Mungkin sebagian masyarakat Indonesia telah mengetahui tentang sosok Jenderal TNI Angkatan Darat satu ini.
Ahmad Yani masuk ke dunia militer pada akhir penjajahan Belanda, di masanya, ia memiliki peran yang sangat penting.
Perannya tak terbatas di medan perang, tetapi juga pernah menjadi delegasi dalam perundingan bersama Belanda, lantaran kecakapannya di bidang diplomasi yang baik.

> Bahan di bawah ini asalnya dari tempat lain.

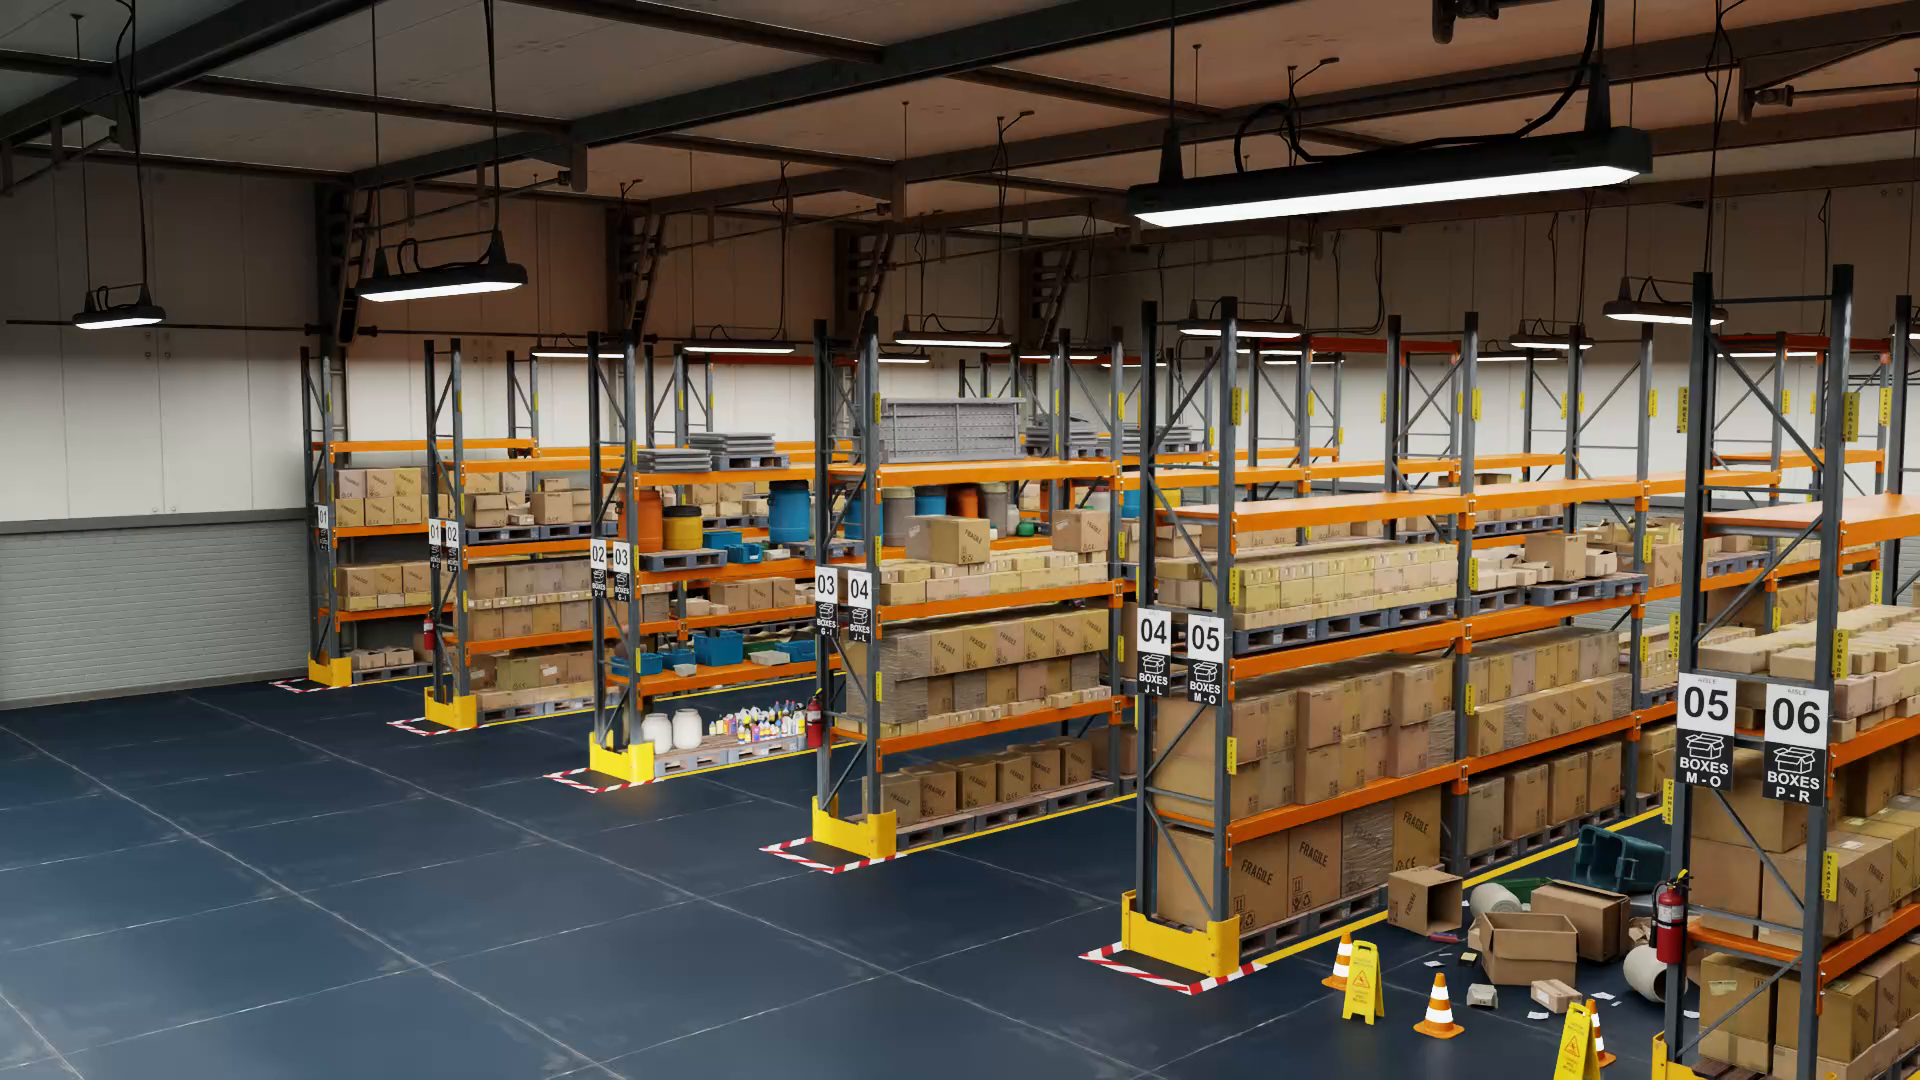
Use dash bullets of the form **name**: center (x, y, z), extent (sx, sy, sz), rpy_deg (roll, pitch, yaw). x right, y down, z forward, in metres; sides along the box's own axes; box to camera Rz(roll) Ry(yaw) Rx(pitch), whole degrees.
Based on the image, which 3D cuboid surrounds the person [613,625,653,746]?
- **person**: center (-4.810, 2.236, 24.444), extent (0.571, 1.625, 0.510), rpy_deg (1, 5, 14)
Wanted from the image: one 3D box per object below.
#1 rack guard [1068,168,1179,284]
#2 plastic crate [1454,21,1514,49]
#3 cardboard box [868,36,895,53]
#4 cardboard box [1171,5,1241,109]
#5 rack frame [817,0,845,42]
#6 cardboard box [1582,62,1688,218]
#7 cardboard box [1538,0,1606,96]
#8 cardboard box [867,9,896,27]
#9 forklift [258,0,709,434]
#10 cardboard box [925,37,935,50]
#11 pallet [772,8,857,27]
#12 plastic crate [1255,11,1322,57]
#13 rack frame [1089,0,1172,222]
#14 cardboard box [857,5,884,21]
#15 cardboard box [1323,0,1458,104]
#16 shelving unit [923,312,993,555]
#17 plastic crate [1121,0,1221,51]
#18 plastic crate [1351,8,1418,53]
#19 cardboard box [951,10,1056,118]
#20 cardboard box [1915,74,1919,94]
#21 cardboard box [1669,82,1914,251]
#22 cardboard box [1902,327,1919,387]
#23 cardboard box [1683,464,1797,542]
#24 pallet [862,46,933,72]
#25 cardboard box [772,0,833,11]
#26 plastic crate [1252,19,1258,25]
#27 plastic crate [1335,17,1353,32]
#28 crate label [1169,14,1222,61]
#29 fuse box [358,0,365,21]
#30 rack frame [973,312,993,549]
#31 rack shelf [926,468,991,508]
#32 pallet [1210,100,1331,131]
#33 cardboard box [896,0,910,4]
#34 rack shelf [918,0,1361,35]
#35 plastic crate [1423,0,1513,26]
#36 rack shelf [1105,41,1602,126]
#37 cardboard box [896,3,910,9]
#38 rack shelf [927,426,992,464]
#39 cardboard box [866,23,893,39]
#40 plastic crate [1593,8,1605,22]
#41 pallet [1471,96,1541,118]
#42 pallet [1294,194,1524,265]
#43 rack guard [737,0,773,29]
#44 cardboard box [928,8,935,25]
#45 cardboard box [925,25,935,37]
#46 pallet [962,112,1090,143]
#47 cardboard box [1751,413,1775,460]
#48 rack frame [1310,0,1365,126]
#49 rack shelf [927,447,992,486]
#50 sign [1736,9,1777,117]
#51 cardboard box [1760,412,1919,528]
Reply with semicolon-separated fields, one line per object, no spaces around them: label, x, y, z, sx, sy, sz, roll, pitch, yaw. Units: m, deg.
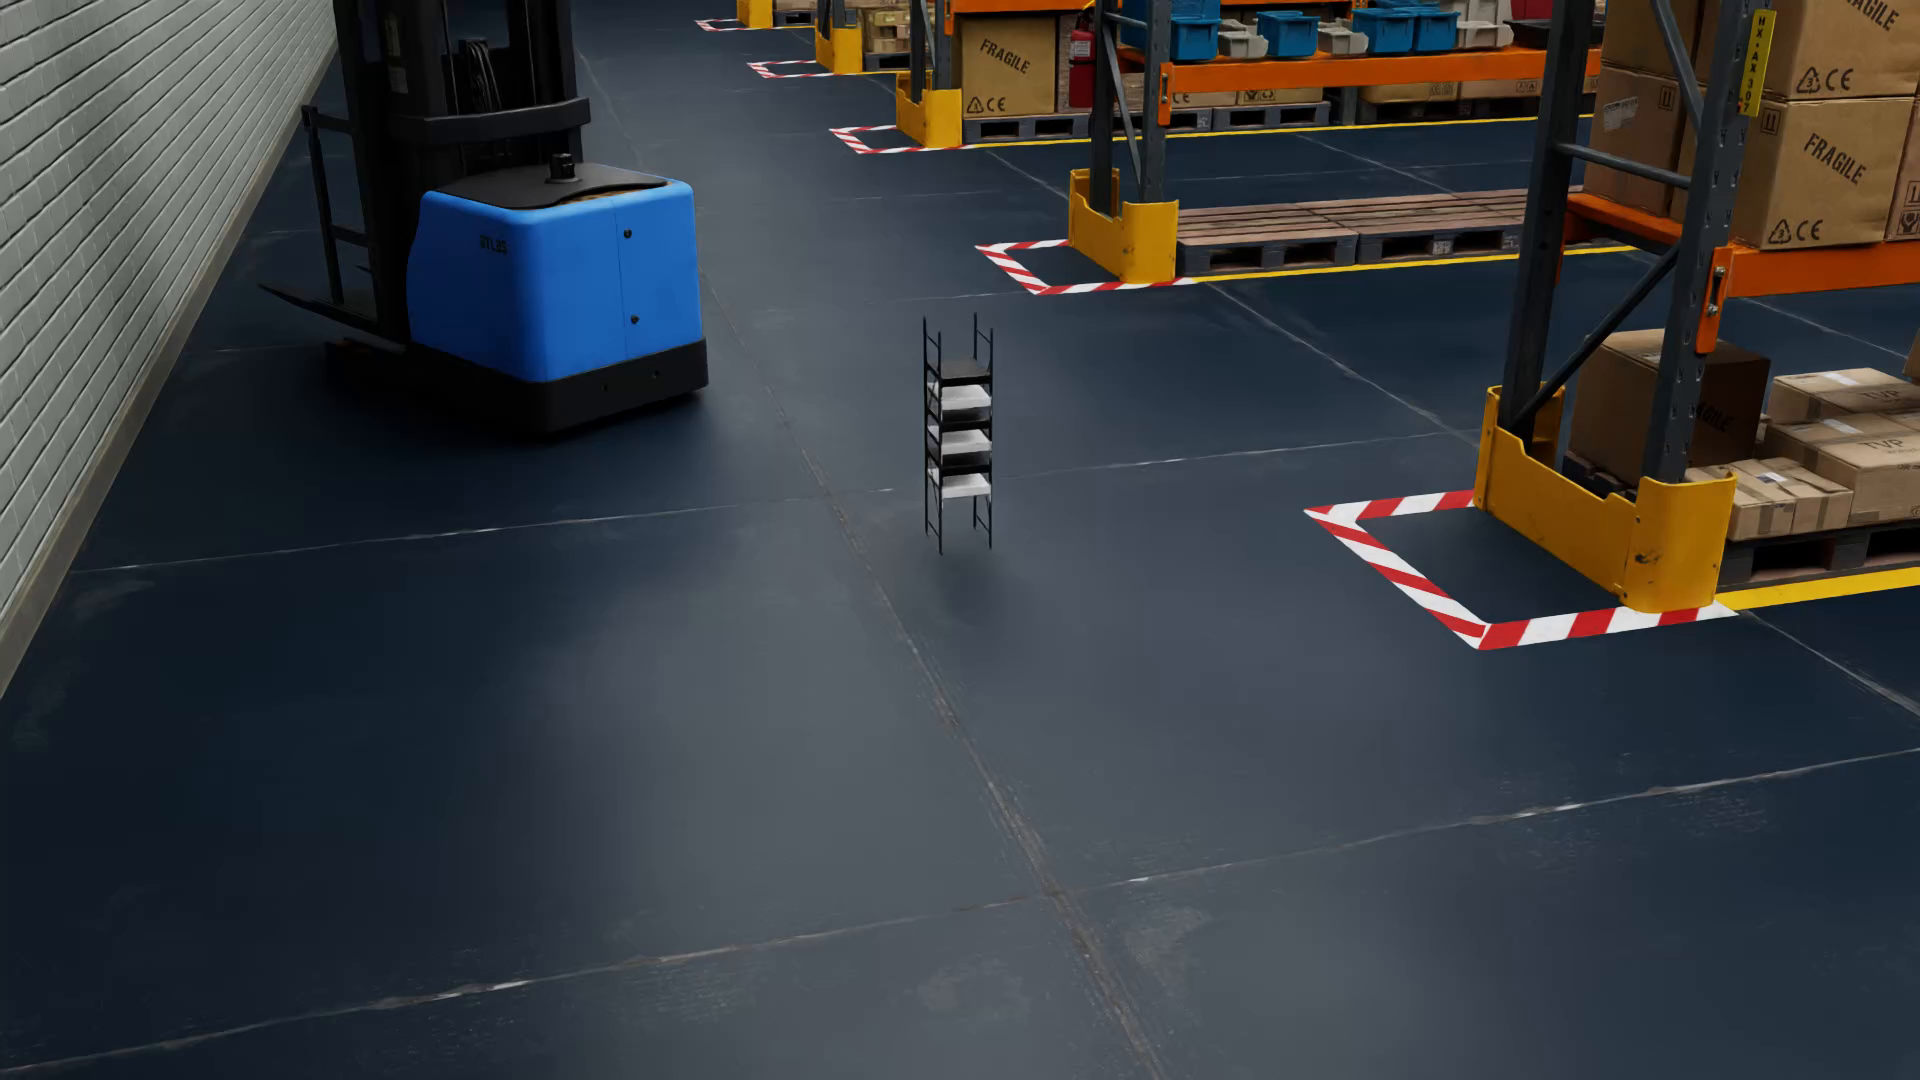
rack guard;1.048;-2.061;10.838;0.348;0.500;1.175;-6;24;-14
plastic crate;3.323;-3.250;10.697;0.466;0.136;0.293;-6;24;-14
cardboard box;-0.922;-5.809;19.485;0.250;0.149;0.380;-6;24;-13
cardboard box;2.057;-4.605;15.758;0.875;0.875;0.875;-6;24;-14
rack frame;-1.513;-6.992;19.159;0.127;3.000;1.000;-6;24;-14
cardboard box;2.759;-1.534;6.311;0.500;0.500;0.500;-6;24;-13
cardboard box;5.902;-5.009;16.700;0.875;0.875;1.225;-6;24;-14
cardboard box;-0.917;-6.075;19.350;0.250;0.149;0.380;-7;24;-17
forklift;-2.684;-2.311;8.337;3.031;2.935;1.130;20;30;38
cardboard box;-0.455;-5.897;19.690;0.250;0.149;0.380;-6;24;-14
pallet;-2.199;-7.694;24.331;1.213;0.211;1.003;-6;24;-14
plastic crate;2.028;-3.140;10.317;0.300;0.233;0.416;-6;24;-14
rack frame;1.067;-3.218;10.362;0.127;3.000;1.000;-6;24;-14
cardboard box;-1.072;-6.301;19.876;0.250;0.149;0.380;-6;24;-14
cardboard box;4.191;-4.816;16.251;0.875;0.875;1.225;-6;24;-14
shelving unit;-0.008;-0.413;6.488;0.210;0.900;0.258;-6;24;-14
plastic crate;1.339;-3.368;10.592;0.499;0.435;0.616;-6;24;-14
plastic crate;2.662;-3.210;10.480;0.300;0.233;0.416;-6;24;-14
cardboard box;0.324;-4.413;15.311;0.875;0.875;0.875;-6;24;-14
cardboard box;3.401;-1.848;5.775;0.500;0.500;0.500;-6;24;-14
cardboard box;2.900;-1.330;5.836;0.500;0.500;0.500;-6;24;-13
cardboard box;4.445;-0.616;6.906;0.637;0.503;0.797;-6;24;-14
cardboard box;2.898;-0.143;6.254;0.250;0.149;0.380;-6;24;-14
pallet;-0.648;-5.792;19.898;1.213;0.211;1.003;-6;24;-14
cardboard box;-2.339;-7.984;24.188;0.875;0.438;0.875;-7;24;-16
plastic crate;2.086;-3.305;10.824;0.243;0.136;0.396;-6;24;-14
plastic crate;2.628;-3.382;11.005;0.250;0.136;0.298;-6;24;-14
crate label;1.394;-3.069;10.154;0.303;0.233;0.416;-6;24;-14
fuse box;-8.797;-8.472;24.242;0.414;1.711;0.539;-6;24;-14
rack frame;0.090;-0.424;6.514;0.006;0.900;0.240;-6;24;-14
rack shelf;-0.008;-0.217;6.573;0.200;0.077;0.258;-6;24;-14
pallet;2.827;-4.191;16.168;1.213;0.211;1.003;-6;24;-14
cardboard box;-0.592;-8.180;24.645;0.875;0.438;0.875;-7;24;-16
rack shelf;1.655;-4.980;15.383;4.000;0.370;1.077;-6;24;-14
plastic crate;3.399;-3.524;11.151;0.530;0.282;0.437;-6;24;-14
rack shelf;2.993;-3.100;11.001;4.000;0.370;1.077;-6;24;-14
cardboard box;-0.599;-6.381;20.065;0.250;0.149;0.380;-7;24;-16
rack shelf;-0.008;-0.382;6.502;0.200;0.077;0.258;-6;24;-14
cardboard box;-0.939;-5.970;19.482;0.250;0.149;0.380;-5;24;-12
plastic crate;4.432;-3.555;11.406;0.243;0.136;0.396;-6;24;-14
pallet;5.480;-4.485;16.852;1.213;0.211;1.003;-6;24;-14
pallet;3.044;-2.138;11.382;1.213;0.211;1.003;-6;24;-14
rack guard;-2.971;-7.709;24.000;0.348;0.500;1.175;-6;24;-14
cardboard box;-0.407;-6.128;19.474;0.250;0.149;0.380;-6;24;-15
cardboard box;-0.449;-6.037;19.639;0.250;0.149;0.380;-6;24;-14
pallet;0.478;-3.931;15.562;1.213;0.211;1.003;-6;24;-14
cardboard box;3.273;-0.397;6.824;0.250;0.166;0.380;-6;24;-14
rack frame;3.581;-5.524;15.738;0.127;3.000;1.000;-6;24;-14
rack shelf;-0.008;-0.299;6.537;0.200;0.077;0.258;-6;24;-14
sign;2.548;-1.528;5.328;0.005;0.325;0.100;-6;24;-14
cardboard box;3.483;-0.279;6.442;0.500;0.250;0.500;-6;24;-14
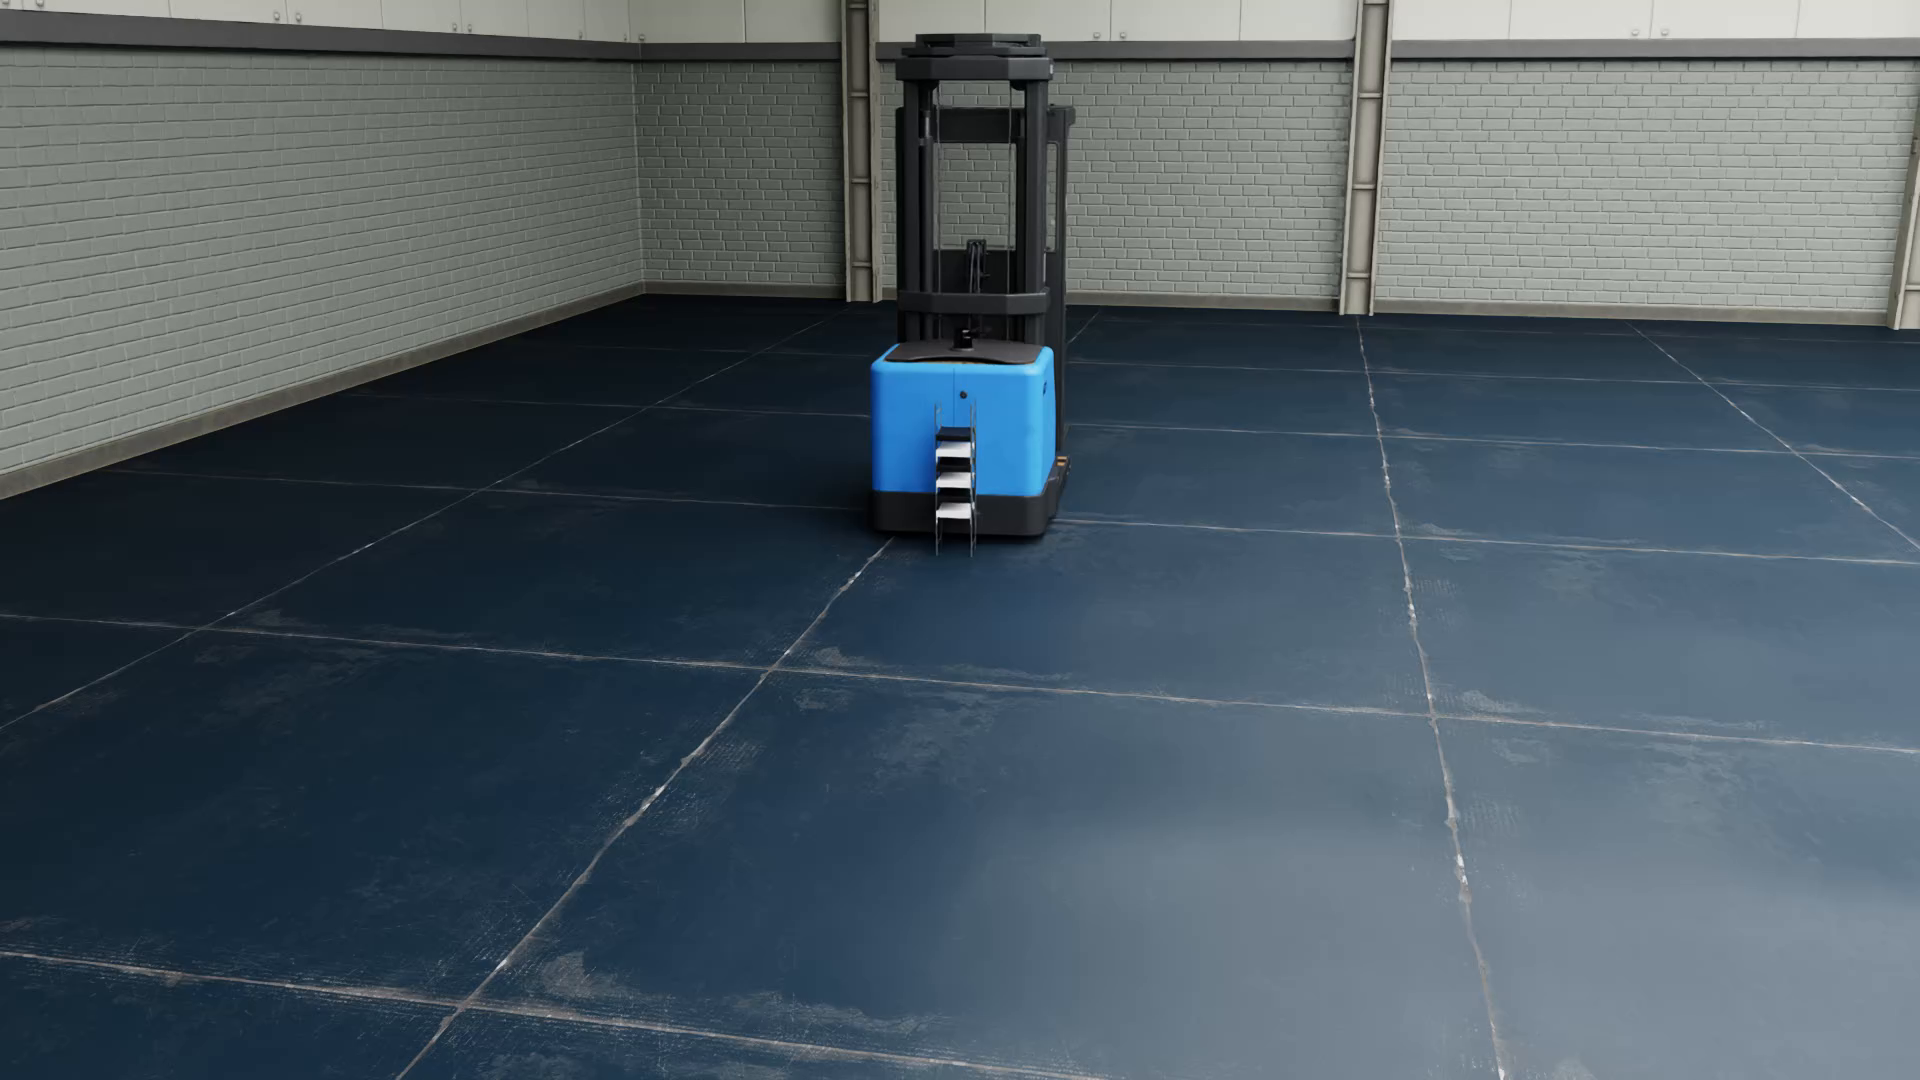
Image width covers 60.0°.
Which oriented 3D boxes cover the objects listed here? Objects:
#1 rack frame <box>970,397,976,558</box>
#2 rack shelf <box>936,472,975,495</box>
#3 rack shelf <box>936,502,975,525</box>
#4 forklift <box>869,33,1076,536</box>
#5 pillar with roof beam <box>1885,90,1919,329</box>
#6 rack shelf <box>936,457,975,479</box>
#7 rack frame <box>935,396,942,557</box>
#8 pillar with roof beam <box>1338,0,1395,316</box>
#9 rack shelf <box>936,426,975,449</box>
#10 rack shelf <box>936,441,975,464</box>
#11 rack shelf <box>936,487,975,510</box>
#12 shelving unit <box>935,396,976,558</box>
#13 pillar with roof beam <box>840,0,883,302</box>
[{"bbox_3d":[0.077,-0.361,9.609,0.006,0.900,0.240,2,16,6],"label":"rack frame"},{"bbox_3d":[-0.024,-0.332,9.629,0.200,0.077,0.258,2,16,6],"label":"rack shelf"},{"bbox_3d":[-0.024,-0.158,9.677,0.200,0.077,0.258,2,16,6],"label":"rack shelf"},{"bbox_3d":[0.169,-1.783,10.937,1.130,2.935,3.031,2,16,8],"label":"forklift"},{"bbox_3d":[9.705,-5.573,13.255,0.400,9.000,9.100,3,16,11],"label":"pillar with roof beam"},{"bbox_3d":[-0.024,-0.419,9.605,0.200,0.077,0.258,2,16,6],"label":"rack shelf"},{"bbox_3d":[-0.125,-0.367,9.632,0.006,0.900,0.240,2,16,6],"label":"rack frame"},{"bbox_3d":[3.825,-5.892,14.407,0.400,9.000,9.100,3,16,11],"label":"pillar with roof beam"},{"bbox_3d":[-0.024,-0.592,9.557,0.200,0.077,0.258,2,16,6],"label":"rack shelf"},{"bbox_3d":[-0.024,-0.505,9.581,0.200,0.077,0.258,2,16,6],"label":"rack shelf"},{"bbox_3d":[-0.024,-0.245,9.653,0.200,0.077,0.258,2,16,6],"label":"rack shelf"},{"bbox_3d":[-0.024,-0.364,9.620,0.210,0.900,0.258,2,16,6],"label":"shelving unit"},{"bbox_3d":[-2.054,-6.212,15.560,0.400,9.000,9.100,3,16,11],"label":"pillar with roof beam"}]

Sayangnya, Jenderal kebanggaan Bung Karno tersebut harus meninggal dunia dengan cukup tragis, beliau ditembak bersama sejumlah perwira hingga jenderal TNI AD lainnya saat Peristiwa G30S.
Ingin mengenal lebih lanjut tentang Jenderal Ahmad Yani? Berikut ini adalah profil Ahmad Yani, pahlawan revolusi kesayangan Ir.Soekarno.
Dilansir dari Kemdikbud.go.id, Ahmad Yani lahir di Purworejo, Jawa Tengah, pada 19 Juni 1922 dan merupakan putra dari Sarjo Bin Suharyo dan Surtini.
Ahmad Yani kecil menempuh pendidikan di HIS Magelang. Tahun 1935, Ahmad Yani menamatkan HIS dan melanjutkan ke MULO.
Pada 1938, Ahmad Yani berangkat ke Jakarta untuk sambung belajar ke Algemene Middelbare School (AMS) B.
Hanya 2 tahun pendidikan di AMS, Ahmad Yani di tahun 1940 mengikuti pendidikan wajib militer sebagai tentara Hindia Belanda.